Yesterday’s Irish Examiner carried an article on the report into salary levels in Irish banks.
Taxpayers, through the finance minister, are the owners of two banks and part owners of a third.
According to the Mercer report, there are 2,199 senior management members in AIB on salaries in excess of €100,000, eight on an average €434,000. In Bank of Ireland, there are 103 executives on salaries of €250,000 and eight on €517,000. In PTSB, there are 20 on €220,000 and nine on €269,000. The packages for the CEOs are AIB, €468,000, Bank of Ireland, €776,000 and, PTSB, €460,000.
In any man’s language those are good packages particularly for those above the €200k mark. But because those packages are not akin to the enormous pre-meltdown packages does not mean they are fair or that the number of people getting those salaries merits such consideration.

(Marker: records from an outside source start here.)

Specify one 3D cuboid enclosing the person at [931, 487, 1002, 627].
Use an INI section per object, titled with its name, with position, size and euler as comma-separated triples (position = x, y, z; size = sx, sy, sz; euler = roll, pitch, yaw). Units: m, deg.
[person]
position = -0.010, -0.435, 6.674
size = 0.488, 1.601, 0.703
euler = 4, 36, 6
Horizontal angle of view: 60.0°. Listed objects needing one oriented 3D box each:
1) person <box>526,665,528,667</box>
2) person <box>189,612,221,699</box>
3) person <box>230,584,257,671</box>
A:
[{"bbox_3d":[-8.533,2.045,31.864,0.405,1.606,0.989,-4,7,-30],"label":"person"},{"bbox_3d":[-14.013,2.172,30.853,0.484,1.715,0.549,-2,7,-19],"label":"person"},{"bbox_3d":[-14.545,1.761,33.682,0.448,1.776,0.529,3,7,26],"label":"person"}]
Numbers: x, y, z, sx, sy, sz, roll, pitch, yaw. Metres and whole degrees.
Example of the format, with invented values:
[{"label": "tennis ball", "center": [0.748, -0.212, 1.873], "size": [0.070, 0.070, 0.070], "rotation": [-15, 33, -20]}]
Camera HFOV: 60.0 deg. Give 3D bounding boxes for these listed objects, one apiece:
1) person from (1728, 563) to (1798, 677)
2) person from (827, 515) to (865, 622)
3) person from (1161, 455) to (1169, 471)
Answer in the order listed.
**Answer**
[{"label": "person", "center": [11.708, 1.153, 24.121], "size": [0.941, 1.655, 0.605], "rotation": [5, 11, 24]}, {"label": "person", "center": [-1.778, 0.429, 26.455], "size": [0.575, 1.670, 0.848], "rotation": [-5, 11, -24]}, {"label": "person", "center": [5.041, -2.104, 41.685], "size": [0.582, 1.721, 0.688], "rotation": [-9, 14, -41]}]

Pre meltdown packages such as the $108m for one guy alone beggar belief.
For the recipient it was like winning the New York lottery and for what? It would be bad enough if salaries that read like telephone numbers were the exception. However, unjustifiable salaries were and unfortunately are again becoming the rule amongst the higher echelons of the financial services industry and indeed many other public companies.
The world seems to have forgotten so quickly that the financial services industry was the single major player in causing the financial industry to implode.
We have seen the devastation that light touch regulation, banking greed and political expediency has created. Hundreds of thousands of jobs have been lost. People are unable to pay their mortgages. Property prices have taken a massive dive and thousands are in negative equity. Emigration is back to that which prevailed in the 1950s and ‘80s. No house is immune.
Uncertainty and despair abound. Why? Because the citizens of this country have bailed out the banks to the tune of €64bn, for which we will be paying back for what will seem like forever.
Government, in an effort to make up the shortfall in income tax revenue, is adding stealth taxes like they are going out of fashion.
We are borrowing between €12bn and €15bn per year just to stand still. That accumulation for however long we are not making ends meet and the €64bn have to be paid back.
For a couple of years, banks, particularly in the US, kept their heads down, took government support, and rebuilt their companies. Now the financial services guys and gals are off again like nothing happened.
It’s in that context that an agreement was reached in Brussels to cap banker’s bonuses, specifically that individuals could earn a maximum bonus of one times his or her annual salary except where shareholders specifically agreed to permit a payment up to twice the base salary.
There’s only one weakness, and that is corporate shareholders will always agree to pay exorbitant packages because it’s in their own self-interest, as in, what goes around comes around.
Undoubtedly, our wonderful bankers will find ways around this cap. They always do but for now, it’s a start at stopping the rot.
It’s a pity that Mercer ‘found’ that the CEOs were paid less than their peers in other sectors. One wonders if success, as measured by the impact on the rest of us, at running their respective businesses was considered.
We really do need to get back to the real world where people are rewarded for what they deliver to society, not for gambling with other peoples’ money.
It’s not looking good though, as Michael Noonan, when demanding that the banks cut their pay packages further, stopped short of recommending senior executive pay cuts.